Carlos Ochoa Leite, opinião, in Público
O aquecimento global parece causar pelo menos dois efeitos: desacordo quanto à sua existência e ondas de calor. E, se todos concordamos que estamos a viver uma onda de calor, tal não é de todo apaziguador.
Estima-se que o verão extremamente quente de 2003 foi responsável por cerca de 70.000 mortes na Europa, correspondendo a um aumento de 4 a 5 vezes na taxa de mortalidade. A exposição a temperaturas elevadas está associada a desidratação, problemas cardiovasculares, alteração da qualidade de sono e do humor. Além disso, níveis de calor perigosos para a saúde apresentam um impacto enorme na segurança e produtividade da população.
A evidência científica tem demonstrado nos últimos anos, que as estimativas de perda de mão-de-obra em ambientes com temperaturas elevadas são preocupantes, especialmente para os trabalhadores do sector primário. Em 2017, a nível mundial, as perdas anuais de produtividade provocadas pelo calor foram estimadas em 2,1 biliões de dólares, correspondendo em vários países a mais de 10% do produto interno bruto.
Recentemente, conversei com um investigador que desenvolveu uma experiência onde se pretendia avaliar os efeitos de uma onda de calor na capacidade de trabalho e na fisiologia humana. A metodologia utilizada impressiona pela logística. O estudo consistiu em confinar sete homens adultos, durante dez dias, num piso de um hotel no norte da Eslovénia, em quartos com condições de temperatura e humidade controladas.
Reproduzindo artificialmente uma onda de calor, os voluntários participaram diariamente num turno de trabalho, incorporando duas sessões de atividade física cada uma seguida de uma sessão que simulava o trabalho de uma linha de montagem. Ao longo desta simulação, foram medidos os erros cometidos na montagem e vários parâmetros fisiológicos.
Não surpreendentemente, as conclusões desta experiência estão em linha com estudos anteriores que mostram que o stresse térmico ocupacional afeta a capacidade dos trabalhadores de cumprirem as exigências cognitivas e físicas do seu trabalho. Por curiosidade, questionei o investigador sobre como obtiveram o financiamento do estudo. Ele sorriu: “Foram fundos da União Europeia”. E acrescentou: “Os países nórdicos querem perceber como lidar com as ondas de calor porque já começam a sentir os efeitos nas suas economias”.

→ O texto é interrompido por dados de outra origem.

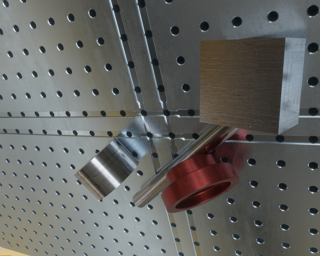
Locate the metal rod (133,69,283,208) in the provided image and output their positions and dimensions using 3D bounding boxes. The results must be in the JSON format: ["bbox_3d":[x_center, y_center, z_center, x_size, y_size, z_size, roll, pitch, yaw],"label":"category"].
[{"bbox_3d":[0.046,0.033,0.406,0.025,0.025,0.298,42,129,-1],"label":"metal rod"}]

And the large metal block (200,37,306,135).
[{"bbox_3d":[0.086,-0.044,0.298,0.080,0.050,0.079,11,108,40],"label":"large metal block"}]

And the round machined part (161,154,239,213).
[{"bbox_3d":[0.046,0.067,0.394,0.097,0.099,0.042,-47,56,39],"label":"round machined part"}]

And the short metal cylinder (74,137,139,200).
[{"bbox_3d":[-0.077,0.059,0.453,0.050,0.080,0.080,48,129,-6],"label":"short metal cylinder"}]
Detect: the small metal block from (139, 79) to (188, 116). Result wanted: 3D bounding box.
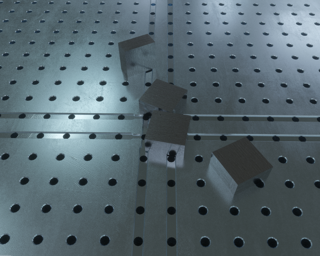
[{"bbox_3d":[0.005,-0.038,0.440,0.050,0.025,0.050,23,53,18],"label":"small metal block"}]

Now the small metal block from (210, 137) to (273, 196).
[{"bbox_3d":[0.096,0.045,0.371,0.050,0.025,0.050,-22,54,-18],"label":"small metal block"}]

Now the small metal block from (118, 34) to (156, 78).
[{"bbox_3d":[-0.035,-0.113,0.487,0.050,0.050,0.025,-23,54,-18],"label":"small metal block"}]

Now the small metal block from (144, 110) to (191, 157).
[{"bbox_3d":[0.011,0.007,0.402,0.050,0.025,0.050,9,51,8],"label":"small metal block"}]
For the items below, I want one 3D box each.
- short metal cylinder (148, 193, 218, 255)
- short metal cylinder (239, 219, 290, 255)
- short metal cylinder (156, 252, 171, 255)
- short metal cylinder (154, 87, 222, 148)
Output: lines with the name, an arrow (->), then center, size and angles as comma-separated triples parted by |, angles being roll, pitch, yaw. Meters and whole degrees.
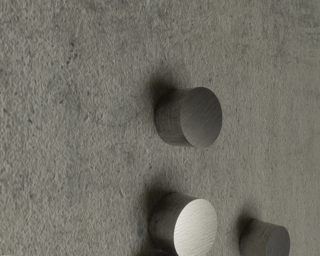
short metal cylinder -> 0.031, 0.131, 0.415 | 0.081, 0.050, 0.080 | 0, 90, -40
short metal cylinder -> 0.184, 0.206, 0.543 | 0.081, 0.050, 0.080 | 0, 90, -40
short metal cylinder -> 0.020, 0.211, 0.405 | 0.081, 0.050, 0.080 | 0, 90, -40
short metal cylinder -> 0.039, -0.014, 0.421 | 0.081, 0.050, 0.080 | 0, 90, -40
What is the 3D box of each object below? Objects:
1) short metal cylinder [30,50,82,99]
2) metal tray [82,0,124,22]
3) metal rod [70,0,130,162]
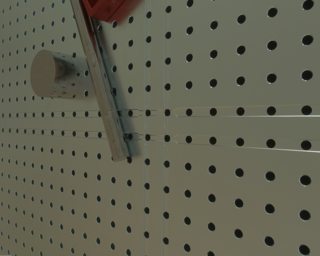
[{"bbox_3d":[-0.182,-0.092,0.540,0.080,0.050,0.079,0,90,39],"label":"short metal cylinder"},{"bbox_3d":[-0.071,-0.237,0.462,0.130,0.030,0.090,-36,68,33],"label":"metal tray"},{"bbox_3d":[-0.099,-0.093,0.488,0.025,0.025,0.299,-28,73,36],"label":"metal rod"}]
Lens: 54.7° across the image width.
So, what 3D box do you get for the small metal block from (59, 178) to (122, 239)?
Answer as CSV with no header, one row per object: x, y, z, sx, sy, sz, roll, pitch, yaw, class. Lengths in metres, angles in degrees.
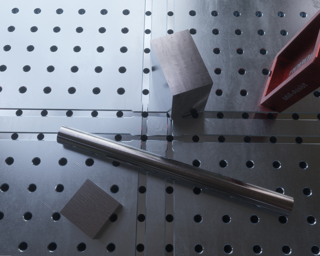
-0.082,0.098,0.375,0.050,0.025,0.050,35,74,11,small metal block

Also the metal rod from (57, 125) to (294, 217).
0.014,0.052,0.392,0.301,0.025,0.025,17,71,6,metal rod

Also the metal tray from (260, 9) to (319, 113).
0.177,-0.082,0.385,0.030,0.130,0.090,24,72,0,metal tray

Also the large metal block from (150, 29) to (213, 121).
0.025,-0.067,0.407,0.050,0.080,0.080,-19,71,-7,large metal block
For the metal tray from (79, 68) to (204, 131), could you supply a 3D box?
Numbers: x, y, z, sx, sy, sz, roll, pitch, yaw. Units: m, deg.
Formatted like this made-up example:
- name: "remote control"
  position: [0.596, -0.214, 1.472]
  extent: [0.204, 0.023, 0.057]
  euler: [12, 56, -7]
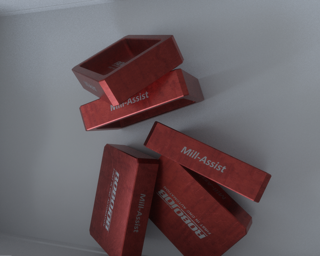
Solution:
- name: "metal tray"
  position: [-0.019, -0.030, 0.381]
  extent: [0.130, 0.090, 0.030]
  euler: [-18, 85, 18]

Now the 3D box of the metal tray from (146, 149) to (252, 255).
- name: "metal tray"
  position: [0.035, 0.099, 0.384]
  extent: [0.130, 0.030, 0.090]
  euler: [44, 117, 14]

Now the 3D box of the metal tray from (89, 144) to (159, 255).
- name: "metal tray"
  position: [-0.050, 0.093, 0.400]
  extent: [0.090, 0.030, 0.129]
  euler: [16, 96, 53]

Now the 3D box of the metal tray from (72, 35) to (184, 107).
- name: "metal tray"
  position: [-0.043, -0.073, 0.360]
  extent: [0.090, 0.130, 0.030]
  euler: [-36, 118, -14]

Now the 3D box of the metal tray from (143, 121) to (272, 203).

Na altura, ouvir isto foi quase um balde de água fria, sem qualquer efeito humorístico. Efetivamente, países com economias mais fortes investem seriamente na investigação dos mecanismos fisiológicos de adaptação ao ambiente quente e desenvolvimento de medidas de aclimatização nos locais de trabalho. Ou seja, países do norte preocupados com aquilo que já se faz sentir há muitos anos em países do sul.
Estima-se que por cada aumento em 1ºC no ambiente de trabalho, diminui a produtividade dos trabalhadores entre 2,5 e 5%. Isto tem impacto na economia de países do sul da Europa, como Portugal, o que deveria motivar um maior investimento na promoção da saúde e investigação na área da Medicina do Trabalho.
A este respeito, Portugal é dos poucos países europeus que não possui um instituto do Estado dedicado exclusivamente ao desenvolvimento, investigação e regulação da segurança e saúde ocupacionais. Talvez esteja na altura de percebermos que planeamento sério e rigoroso na qualidade da saúde ocupacional passará sempre pelo investimento na ciência. Só assim poderemos implementar melhores políticas de segurança e saúde nas empresas aliadas a uma regulação eficaz.